Using the BM score, neonates with none of the following high-risk predictors were classified as being at very low risk for BM: peripheral blood ANC ≥10×10⁹ cells/L, CSF protein level ≥800 mg/L, CSF ANC ≥1,000×10⁶ cells/L, a positive CSF Gram stain, and a history of seizure before or at the time of presentation (14). Patients presenting with any predictors in the BM score prediction rule were considered to not be at a very low risk of BM. We evaluated the performance of the BM score in predicting neonates at a very low risk of BM in terms of specificity, sensitivity, positive and negative likelihood ratios, and the negative predictive value for BM.

BM score refinement

Receiver operating characteristic (ROC) curves were constructed to determine the optimal cut-off values for the CSF protein level and CSF ANC value according to the values of sensitivity, specificity, and Youden’s index, as CSF parameters differ between neonates and children (20,21). We then performed multivariable statistical analyses to identify the significant predictors of BM. First, we entered the candidate variables of peripheral blood ANC, CSF protein level, CSF ANC, CSF Gram stain result, and a history of seizure before or at the time of presentation into a forward stepwise multivariable logistic regression analysis. Variables independently associated (P<0.05) with BM were then included in the refined BM score. We evaluated the performance of the refined BM score in terms of specificity, sensitivity, positive and negative likelihood ratios, and the negative predictive value for BM.

Statistical analysis

Our analysis was performed to determine the accuracy of the BM score and the refined BM score in diagnosing BM. We reported the sensitivity and specificity. Statistical analyses were conducted using SPSS software (SPSS 16.0). P values <0.05 were considered significant.

Results

Main characteristics of the cohort

There were 3,504 neonates who met the eligibility criteria. Of them, we excluded 2,419 neonates without CSF pleocytosis, 456 neonates with antibiotic pretreatment within 72 hours before the diagnostic LP, 47 neonates with a critical illness, and 107 neonates with missing data for BM score laboratory predictors. In total, 475 neonates were included in the cohort study (Figure 1). Among these, BM was diagnosed in 94 cases (19.8%). Characteristics of patients with BM and aseptic meningitis are shown in Table 1.

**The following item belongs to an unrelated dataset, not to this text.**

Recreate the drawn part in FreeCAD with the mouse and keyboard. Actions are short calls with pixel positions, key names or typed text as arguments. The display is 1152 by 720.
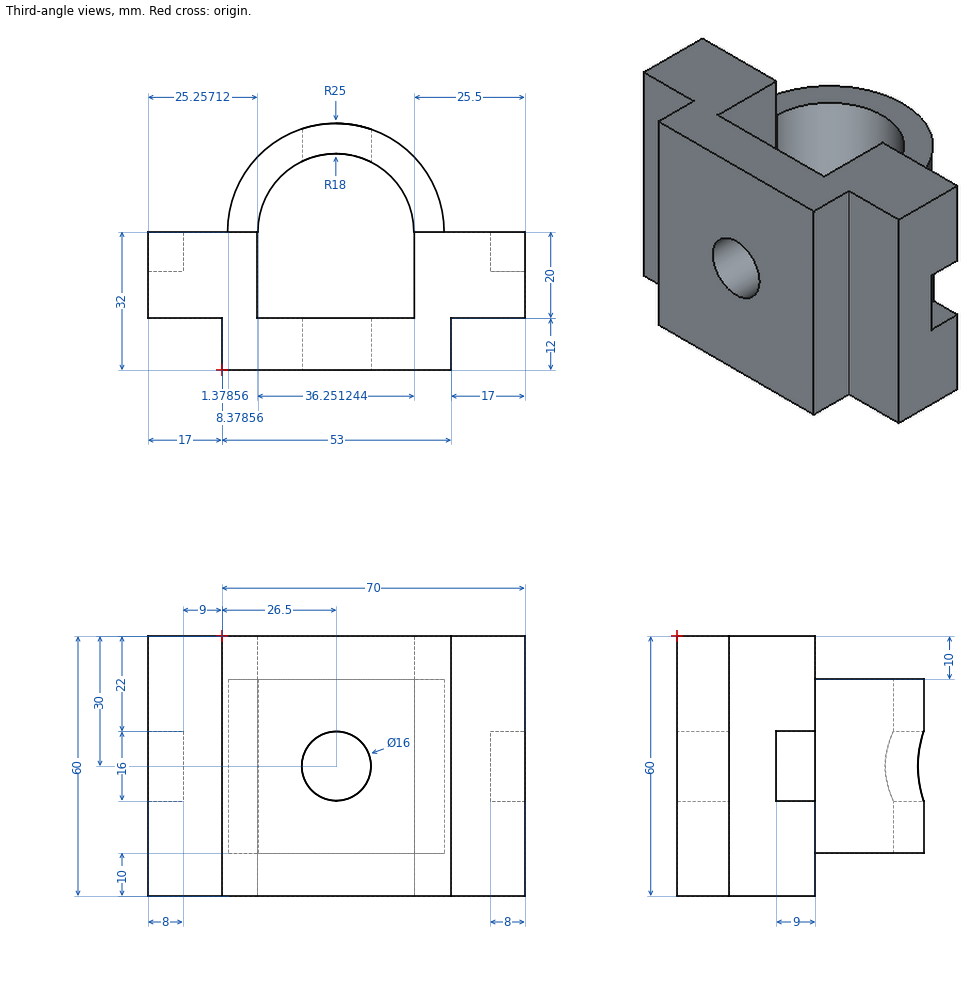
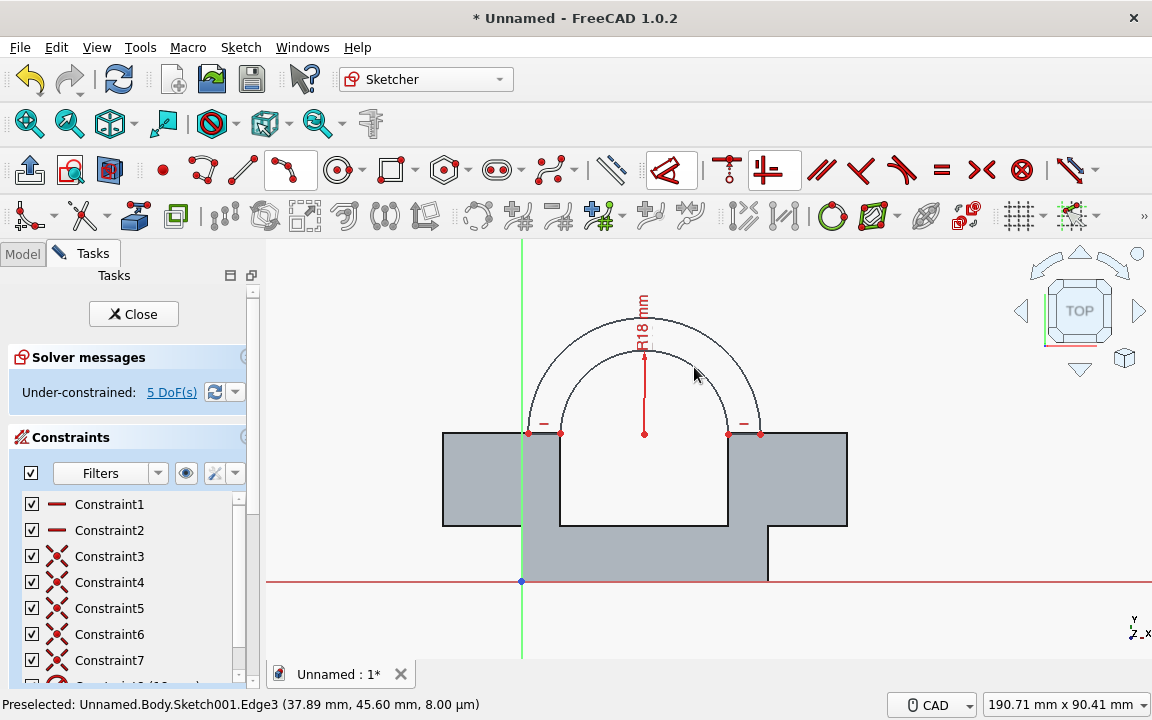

Figure 1 Patient flow chart in the cohort study. N, number; CSF, cerebrospinal fluid.

Table 1 Characteristics of study patients in the cohort
Full table

The etiology of BM was as follows: group B streptococcus (n=49), Escherichia coli (n=37), Klebsiella pneumoniae (n=2), Enterococcus species (n=1), and Staphylococcus aureus (n=5).

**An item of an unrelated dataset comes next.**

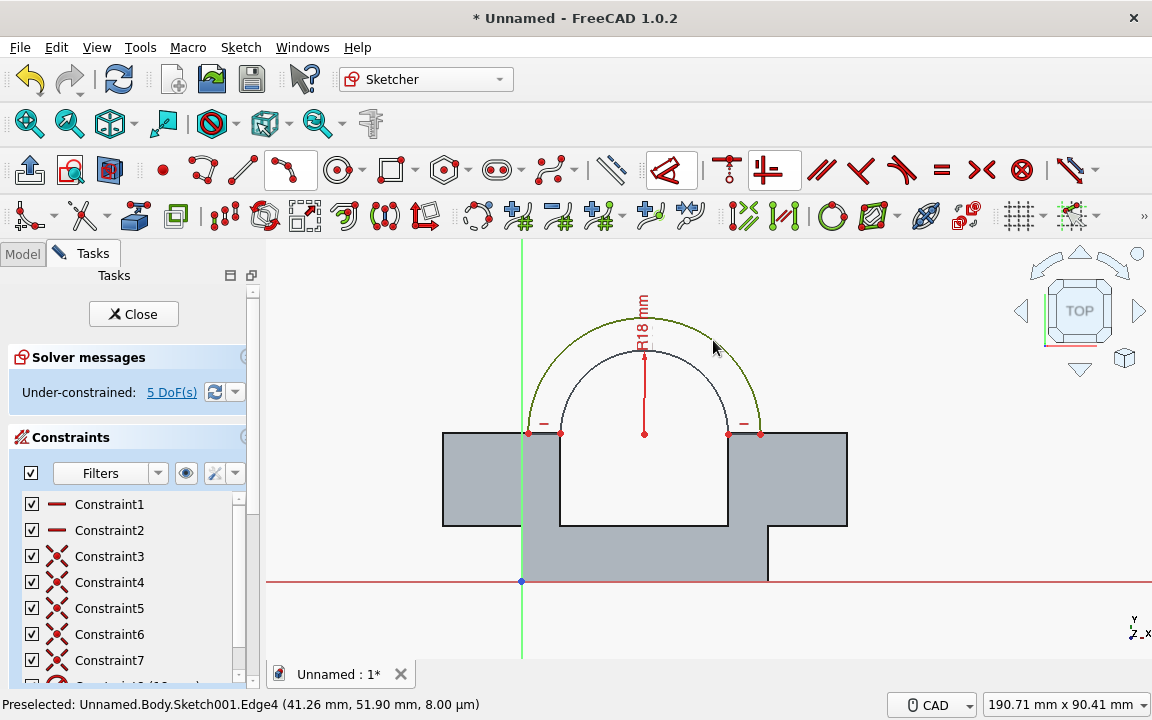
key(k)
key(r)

We found no substantial differences in the distribution of pathogenic bacteria, clinical features, and outcomes of neonatal BM in different regions (Table S1).

Performance of the BM score

The sensitivity of the BM score was 100%, and specificity was 19.4% (Table 2). Of the 74 patients categorized as being at very low risk of BM by the BM score, none had BM (negative predictive value, 100%). However, of 401 patients categorized as not being at low risk of BM by the BM score, only 94 had BM (23.4%), and 307 (76.6%) had aseptic meningitis but would have been treated as having BM, resulting in antibiotic overuse. Table S2 demonstrates the risk of BM in patients with CSF pleocytosis and 1, 2, 3 or more BM score predictors.

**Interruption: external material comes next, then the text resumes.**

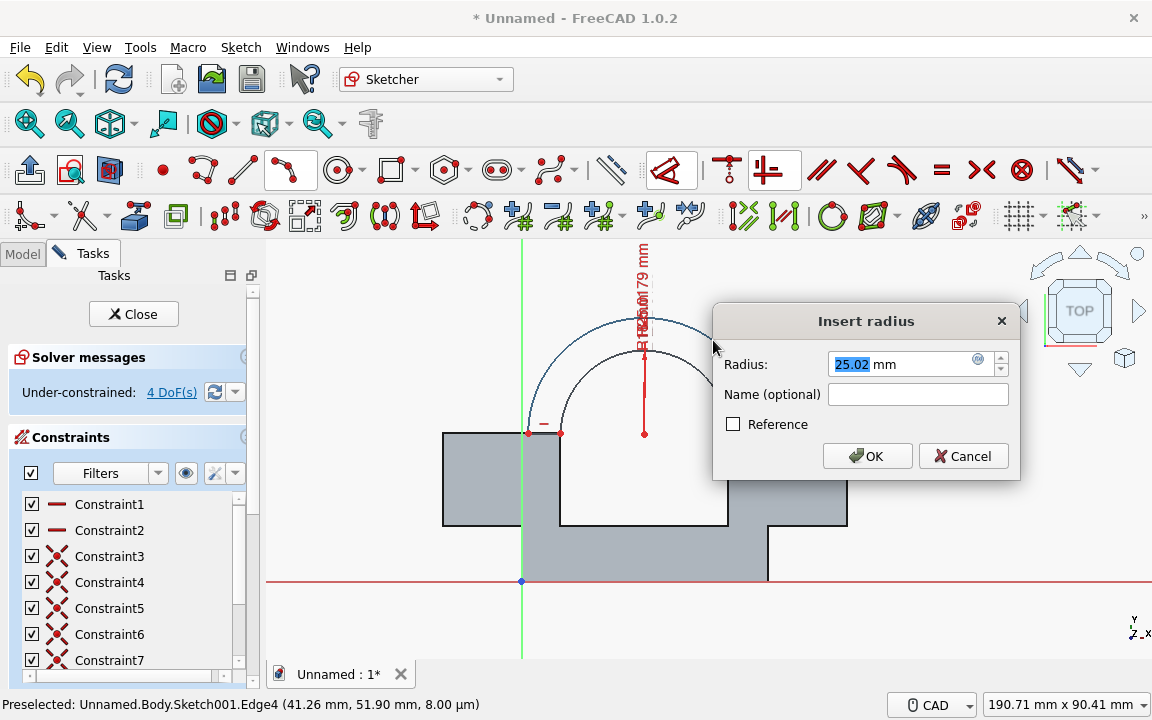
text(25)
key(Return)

Table 2 Application of the bacterial meningitis score to neonates with cerebrospinal fluid pleocytosis in the cohort
Full table

Performance of the refined BM score

The ROC curves of the CSF ANC and CSF protein level for the detection of BM in neonates with CSF pleocytosis are shown in Figure 2. The cut-off values of the CSF protein level and CSF ANC were 1,650 mg/L and 84×10⁶ cells/L, respectively. Multivariable logistic regression identified the following as independent predictors of BM: CSF protein ≥1,650 mg/L, CSF ANC ≥84×10⁶ cells/L, and a positive CSF Gram stain result. The presence of a positive Gram stain was the most significant predictor of BM. These 3 predictors were used to define the refined BM score. Based on the refined BM score, neonates without any of the following high-risk predictors were classified as being at very low risk for BM: CSF protein level ≥1,650 mg/L, CSF ANC ≥84×10⁶ cells/L, and a positive CSF Gram stain result.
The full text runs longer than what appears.